> [Instructions to follow]
From the entries that follow, reproduce exactly and only the lines from the line with "3. plastic crate (1096,0,1182,65)" to the line with "12. plastic crate (1109,0,1293,146)", endpoints included.

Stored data
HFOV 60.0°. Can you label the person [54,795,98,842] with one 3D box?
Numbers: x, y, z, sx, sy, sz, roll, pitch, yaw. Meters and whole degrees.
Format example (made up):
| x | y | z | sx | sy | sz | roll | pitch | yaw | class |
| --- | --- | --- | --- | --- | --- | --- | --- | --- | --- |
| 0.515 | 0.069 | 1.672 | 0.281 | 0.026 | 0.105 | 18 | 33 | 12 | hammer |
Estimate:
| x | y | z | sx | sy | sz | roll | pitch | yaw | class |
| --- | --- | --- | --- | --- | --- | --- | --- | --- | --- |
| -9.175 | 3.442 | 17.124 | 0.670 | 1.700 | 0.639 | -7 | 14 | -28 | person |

--

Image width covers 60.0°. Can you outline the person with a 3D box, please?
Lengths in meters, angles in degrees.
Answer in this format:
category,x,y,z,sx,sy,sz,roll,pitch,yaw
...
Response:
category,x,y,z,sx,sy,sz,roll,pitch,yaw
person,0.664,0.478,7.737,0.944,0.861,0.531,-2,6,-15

==

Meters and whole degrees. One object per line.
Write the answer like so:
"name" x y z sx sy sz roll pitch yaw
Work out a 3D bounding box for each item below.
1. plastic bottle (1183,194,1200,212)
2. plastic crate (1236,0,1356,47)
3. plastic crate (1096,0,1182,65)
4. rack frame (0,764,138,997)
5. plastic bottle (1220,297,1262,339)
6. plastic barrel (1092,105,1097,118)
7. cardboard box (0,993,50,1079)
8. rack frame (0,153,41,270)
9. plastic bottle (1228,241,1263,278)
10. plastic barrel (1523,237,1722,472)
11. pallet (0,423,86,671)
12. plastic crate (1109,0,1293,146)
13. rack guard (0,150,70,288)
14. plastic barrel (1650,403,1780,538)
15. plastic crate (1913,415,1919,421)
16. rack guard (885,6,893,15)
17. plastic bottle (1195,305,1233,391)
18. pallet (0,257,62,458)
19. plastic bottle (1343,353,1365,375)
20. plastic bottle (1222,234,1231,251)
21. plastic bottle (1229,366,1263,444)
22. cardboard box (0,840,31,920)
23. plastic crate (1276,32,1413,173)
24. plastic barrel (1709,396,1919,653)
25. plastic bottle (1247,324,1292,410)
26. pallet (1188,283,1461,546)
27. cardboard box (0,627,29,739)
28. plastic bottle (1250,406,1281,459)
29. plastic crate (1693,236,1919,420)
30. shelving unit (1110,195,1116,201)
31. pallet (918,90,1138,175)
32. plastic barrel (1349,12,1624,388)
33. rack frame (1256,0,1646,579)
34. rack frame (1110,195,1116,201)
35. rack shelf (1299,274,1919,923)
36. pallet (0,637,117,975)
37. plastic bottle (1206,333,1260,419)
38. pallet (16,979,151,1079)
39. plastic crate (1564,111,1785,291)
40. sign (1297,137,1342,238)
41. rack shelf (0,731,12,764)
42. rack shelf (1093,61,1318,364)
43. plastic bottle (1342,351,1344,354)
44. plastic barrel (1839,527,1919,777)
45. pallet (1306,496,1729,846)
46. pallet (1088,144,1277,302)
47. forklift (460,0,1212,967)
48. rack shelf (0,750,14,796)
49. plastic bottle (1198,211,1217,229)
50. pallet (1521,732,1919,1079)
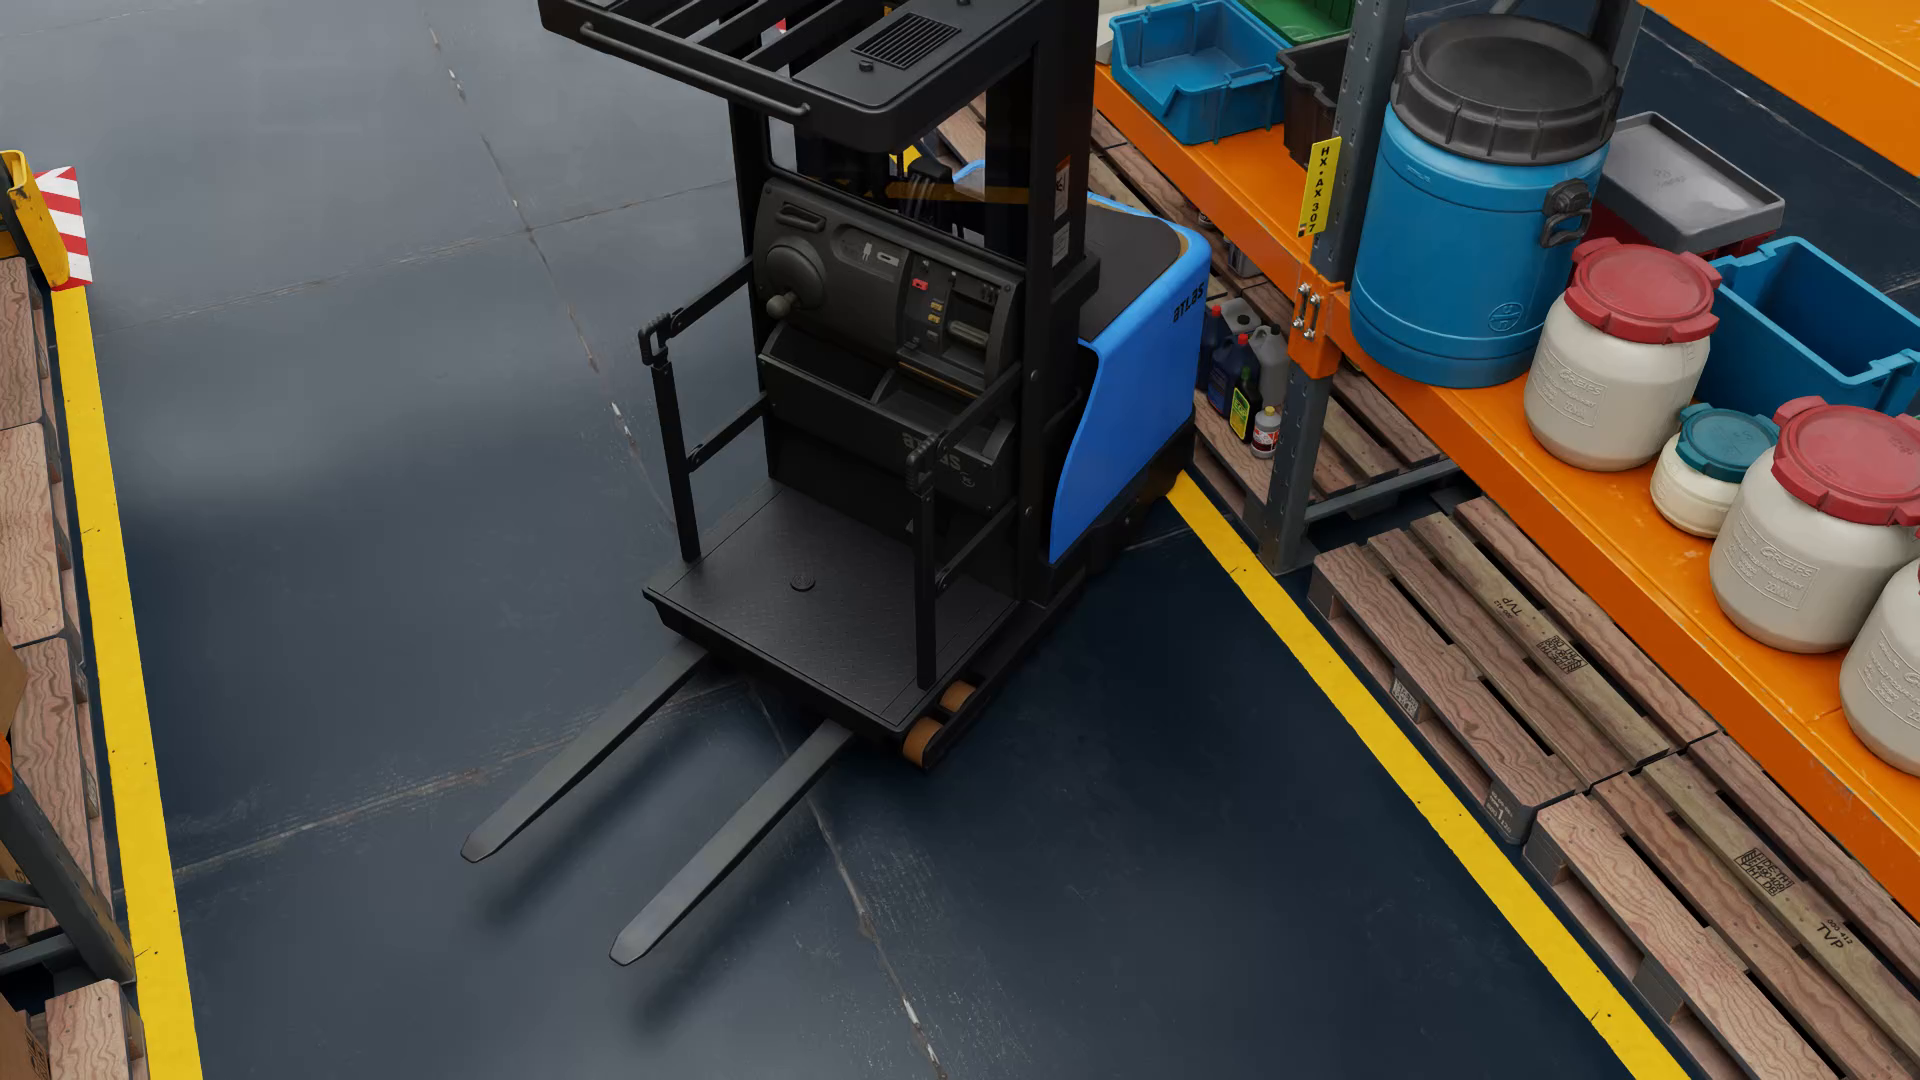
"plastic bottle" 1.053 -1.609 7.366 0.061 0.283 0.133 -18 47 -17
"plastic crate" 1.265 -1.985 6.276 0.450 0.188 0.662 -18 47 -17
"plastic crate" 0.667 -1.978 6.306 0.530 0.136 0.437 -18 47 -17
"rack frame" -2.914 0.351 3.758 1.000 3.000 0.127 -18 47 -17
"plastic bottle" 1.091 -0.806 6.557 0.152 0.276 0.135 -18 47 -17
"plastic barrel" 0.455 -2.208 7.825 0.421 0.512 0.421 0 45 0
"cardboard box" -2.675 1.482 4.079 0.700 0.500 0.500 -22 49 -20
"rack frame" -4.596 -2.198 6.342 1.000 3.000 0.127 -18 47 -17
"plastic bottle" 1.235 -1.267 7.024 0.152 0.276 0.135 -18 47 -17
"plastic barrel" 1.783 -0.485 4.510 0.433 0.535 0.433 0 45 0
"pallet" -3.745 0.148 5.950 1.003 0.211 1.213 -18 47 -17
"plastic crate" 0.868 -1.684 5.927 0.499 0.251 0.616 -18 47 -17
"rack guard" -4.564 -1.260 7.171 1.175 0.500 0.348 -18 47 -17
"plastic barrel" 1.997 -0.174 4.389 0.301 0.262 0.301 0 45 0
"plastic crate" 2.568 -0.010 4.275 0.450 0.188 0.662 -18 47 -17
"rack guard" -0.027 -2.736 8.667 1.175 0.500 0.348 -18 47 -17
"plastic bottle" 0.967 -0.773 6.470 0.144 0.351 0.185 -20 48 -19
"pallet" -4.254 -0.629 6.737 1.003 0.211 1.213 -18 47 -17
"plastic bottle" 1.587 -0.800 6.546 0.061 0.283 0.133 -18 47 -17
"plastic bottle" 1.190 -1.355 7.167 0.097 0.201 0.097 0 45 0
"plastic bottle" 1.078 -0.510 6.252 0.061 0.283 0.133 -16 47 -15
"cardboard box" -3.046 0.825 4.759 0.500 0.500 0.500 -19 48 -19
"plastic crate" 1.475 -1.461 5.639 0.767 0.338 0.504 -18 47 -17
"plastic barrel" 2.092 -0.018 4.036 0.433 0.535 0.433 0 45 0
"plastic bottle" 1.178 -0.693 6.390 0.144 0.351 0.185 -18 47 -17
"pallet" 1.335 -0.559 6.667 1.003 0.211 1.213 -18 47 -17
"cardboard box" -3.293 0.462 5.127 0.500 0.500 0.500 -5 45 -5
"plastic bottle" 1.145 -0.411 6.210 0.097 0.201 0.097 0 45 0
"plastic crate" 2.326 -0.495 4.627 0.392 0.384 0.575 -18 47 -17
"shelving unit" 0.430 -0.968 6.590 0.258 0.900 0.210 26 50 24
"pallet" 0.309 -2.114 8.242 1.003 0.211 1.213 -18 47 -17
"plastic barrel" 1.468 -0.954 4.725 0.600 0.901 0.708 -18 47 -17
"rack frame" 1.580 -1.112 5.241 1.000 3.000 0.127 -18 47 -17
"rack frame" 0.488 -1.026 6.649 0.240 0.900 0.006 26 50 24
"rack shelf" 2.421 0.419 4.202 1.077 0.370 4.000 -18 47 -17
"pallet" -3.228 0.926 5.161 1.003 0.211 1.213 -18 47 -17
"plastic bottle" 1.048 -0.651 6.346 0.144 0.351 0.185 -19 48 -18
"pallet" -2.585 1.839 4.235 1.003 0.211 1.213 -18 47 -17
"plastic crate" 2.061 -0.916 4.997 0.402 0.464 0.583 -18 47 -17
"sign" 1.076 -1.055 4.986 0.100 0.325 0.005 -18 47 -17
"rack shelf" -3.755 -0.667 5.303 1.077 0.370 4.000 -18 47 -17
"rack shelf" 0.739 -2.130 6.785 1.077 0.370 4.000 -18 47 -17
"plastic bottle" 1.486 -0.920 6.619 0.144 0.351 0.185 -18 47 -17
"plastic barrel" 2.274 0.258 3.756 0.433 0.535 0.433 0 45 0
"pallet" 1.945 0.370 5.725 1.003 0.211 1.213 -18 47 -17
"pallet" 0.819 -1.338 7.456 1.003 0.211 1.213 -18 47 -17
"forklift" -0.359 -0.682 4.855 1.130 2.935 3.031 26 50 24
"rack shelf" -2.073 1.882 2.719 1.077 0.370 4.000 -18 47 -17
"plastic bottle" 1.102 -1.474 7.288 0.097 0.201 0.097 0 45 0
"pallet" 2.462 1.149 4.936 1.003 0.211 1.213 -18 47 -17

> [Answer section]
3. plastic crate (1096,0,1182,65)
4. rack frame (0,764,138,997)
5. plastic bottle (1220,297,1262,339)
6. plastic barrel (1092,105,1097,118)
7. cardboard box (0,993,50,1079)
8. rack frame (0,153,41,270)
9. plastic bottle (1228,241,1263,278)
10. plastic barrel (1523,237,1722,472)
11. pallet (0,423,86,671)
12. plastic crate (1109,0,1293,146)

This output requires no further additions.